==== Task input

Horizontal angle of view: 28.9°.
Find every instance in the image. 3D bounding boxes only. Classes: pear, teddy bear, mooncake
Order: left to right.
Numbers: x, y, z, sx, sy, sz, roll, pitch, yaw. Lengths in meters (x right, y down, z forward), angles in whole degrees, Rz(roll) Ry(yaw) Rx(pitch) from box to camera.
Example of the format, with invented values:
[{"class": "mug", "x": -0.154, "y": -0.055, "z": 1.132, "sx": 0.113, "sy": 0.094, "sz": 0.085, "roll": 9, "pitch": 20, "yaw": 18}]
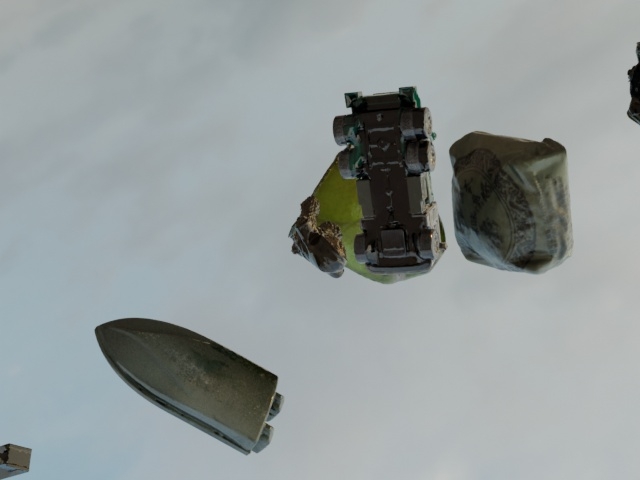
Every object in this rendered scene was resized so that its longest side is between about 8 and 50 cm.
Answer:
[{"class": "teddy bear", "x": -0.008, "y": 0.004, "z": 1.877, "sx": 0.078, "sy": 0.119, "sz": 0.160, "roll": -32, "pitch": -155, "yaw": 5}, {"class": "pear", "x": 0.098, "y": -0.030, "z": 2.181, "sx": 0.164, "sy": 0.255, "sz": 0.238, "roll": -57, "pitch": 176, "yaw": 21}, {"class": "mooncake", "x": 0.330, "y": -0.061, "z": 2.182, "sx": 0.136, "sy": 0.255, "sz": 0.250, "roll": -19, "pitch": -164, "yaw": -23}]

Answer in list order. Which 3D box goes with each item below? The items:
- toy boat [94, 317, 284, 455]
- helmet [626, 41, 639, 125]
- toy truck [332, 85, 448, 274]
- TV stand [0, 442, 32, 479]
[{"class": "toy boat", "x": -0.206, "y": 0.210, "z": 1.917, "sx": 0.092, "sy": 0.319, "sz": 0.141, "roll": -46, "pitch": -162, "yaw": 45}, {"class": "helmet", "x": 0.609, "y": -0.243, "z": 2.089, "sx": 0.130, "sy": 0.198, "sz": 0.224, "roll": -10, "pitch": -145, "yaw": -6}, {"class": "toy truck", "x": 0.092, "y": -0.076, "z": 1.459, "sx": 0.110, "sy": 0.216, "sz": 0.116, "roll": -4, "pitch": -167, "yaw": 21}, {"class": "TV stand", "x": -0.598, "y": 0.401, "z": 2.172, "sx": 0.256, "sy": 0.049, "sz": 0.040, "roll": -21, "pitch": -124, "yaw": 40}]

========

Exercise directions: Could you reproduce exactly the lines from the first line of the listing through the line containing "Every object in", both included, with pictures left out?

The answer:
Horizontal angle of view: 28.9°.
Find every instance in the image. 3D bounding boxes only. Classes: pear, teddy bear, mooncake
Order: left to right.
Numbers: x, y, z, sx, sy, sz, roll, pitch, yaw. Lengths in meters (x right, y down, z forward), angles in whole degrees, Rz(roll) Ry(yaw) Rx(pitch) from box to camera.
Example of the format, with invented values:
[{"class": "mug", "x": -0.154, "y": -0.055, "z": 1.132, "sx": 0.113, "sy": 0.094, "sz": 0.085, "roll": 9, "pitch": 20, "yaw": 18}]
Every object in this rendered scene was resized so that its longest side is between about 8 and 50 cm.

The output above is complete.